H91E0_A Vochtige alluviale bossen (zachthoutooibossen): zeer groot
Vooral de alluviale bossen in het rivierenlandschap (van subtype A en B) van ons land zijn van groot internationaal belang. Daarbij is het zachthoutooibos (van subtype A) over een relatief grote oppervlakte vertegenwoordigd. De getijdenzachthoutooibossen nemen hierbinnen een bijzondere positie in qua soortensamenstelling en vormen een uiterst zeldzame verschijningsvorm van de alluviale bossen in Europa.
H91E0_B Vochtige alluviale bossen (essen-iepenbossen): zeer groot
Vooral de alluviale bossen in het rivierenlandschap (van subtype A en B) van ons land zijn van groot internationaal belang. Onze rivierbegeleidende Essen-Iepenbossen (van subtype B) zijn van zeer grote Europese betekenis omdat zulke bossen een beperkt verspreidingsgebied hebben (de Noordwest-Europese laagvlakte). Daarbij is de vorm met Essenhakhout uitsluitend uit ons land bekend.

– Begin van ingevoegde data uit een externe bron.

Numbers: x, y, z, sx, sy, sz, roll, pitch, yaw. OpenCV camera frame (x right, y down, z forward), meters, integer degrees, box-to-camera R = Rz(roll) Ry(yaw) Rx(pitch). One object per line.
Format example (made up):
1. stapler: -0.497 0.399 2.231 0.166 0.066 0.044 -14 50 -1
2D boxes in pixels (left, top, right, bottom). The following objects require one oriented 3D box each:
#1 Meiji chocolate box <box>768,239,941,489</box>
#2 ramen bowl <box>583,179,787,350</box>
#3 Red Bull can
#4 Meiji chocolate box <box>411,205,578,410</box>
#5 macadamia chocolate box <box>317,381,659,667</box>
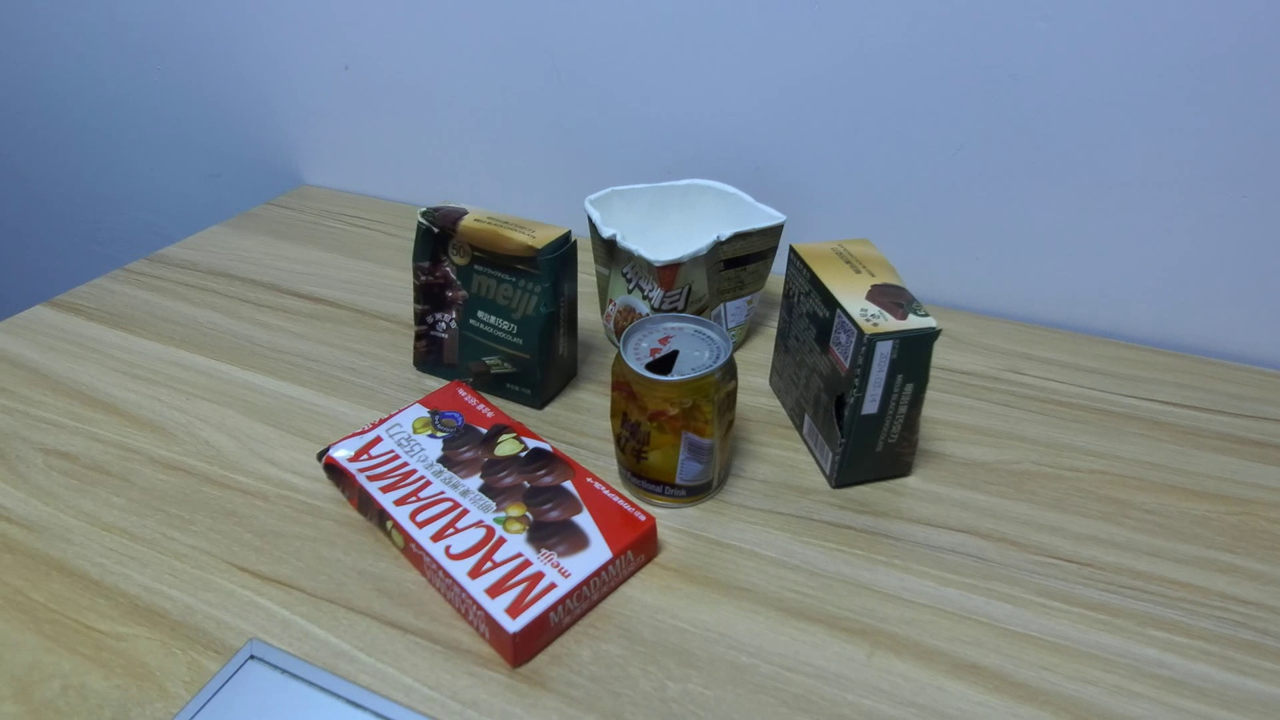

H91E0_C Vochtige alluviale bossen (beekbegeleidende bossen): groot
De beekbegeleidende bossen (van subtype C) hebben een wijde verspreiding in ons land, maar meestal zijn ze verdroogd en omvatten ze een geringe oppervlakte. Goed ontwikkelde beekbegeleidende elzenbroekbossen zijn tegenwoordig zeldzaam geworden. Ze zijn niet van heel bijzondere betekenis omdat vergelijkbare bossen (met dezelfde problemen) ook in de omringende landen veel voorkomen.
Op de natste en/of meest dynamische plekken in het rivierengebied komen alluviale bossen voor die worden gedomineerd door smalbladige wilgen. Ze hebben een ondergroei die merendeels bestaat uit algemene moeras- en ruigteplanten. Dit zijn de wilgenvloedbossen of zachthoutooibossen. Sommige van deze bossen staan onder invloed van het getij. Tot dit subtype behoren ook de wilgengrienden.
De kleiige, hoge delen van de uiterwaarden zijn van nature de standplaatsen van het hardhoutooibos, waarin gewone es domineert. In de uiterwaarden is dit bos momenteel alleen nog in gedegradeerde vorm aanwezig, als populierenaanplant. Dit tweede type van alluviaal bos, het vochtige hardhoutooibos, komt in ons land ook voor op landgoederen en als essenhakhout (o.a. langs de Waal, Kromme Rijn en Vecht). Die bossen staan echter alleen nog indirect onder invloed van de rivier (door stijging van grondwater tijdens rivierhoogwater).
De beekbegeleidende essenbossen in beekdalen en langs kleinere rivieren van de hogere zandgronden en het heuvelland vertonen veel overeenkomst met het vochtige hardhoutooibos. Ze bezitten echter een typische ondergroei met een bijzonder uitbundig voorjaarsaspect. In het rivierengebied komt dit subtype (ondanks wat de verkorte naam kan suggereren) soms ook voor, in de vorm van Vogelkers-Essenbos. In brongebieden van beekdalen wisselen deze bossen af met natte bossen waarin zwarte els op de voorgrond treedt. Ook deze zogenoemde elzenbroekbossen worden tot dit habitattype H91E0 gerekend.
Bron: natura2000.nl
Coördinatie van OBN Natuurkennis door VBNE. Financiering door Ministerie van LVVN, Bij12 en de Europese Unie.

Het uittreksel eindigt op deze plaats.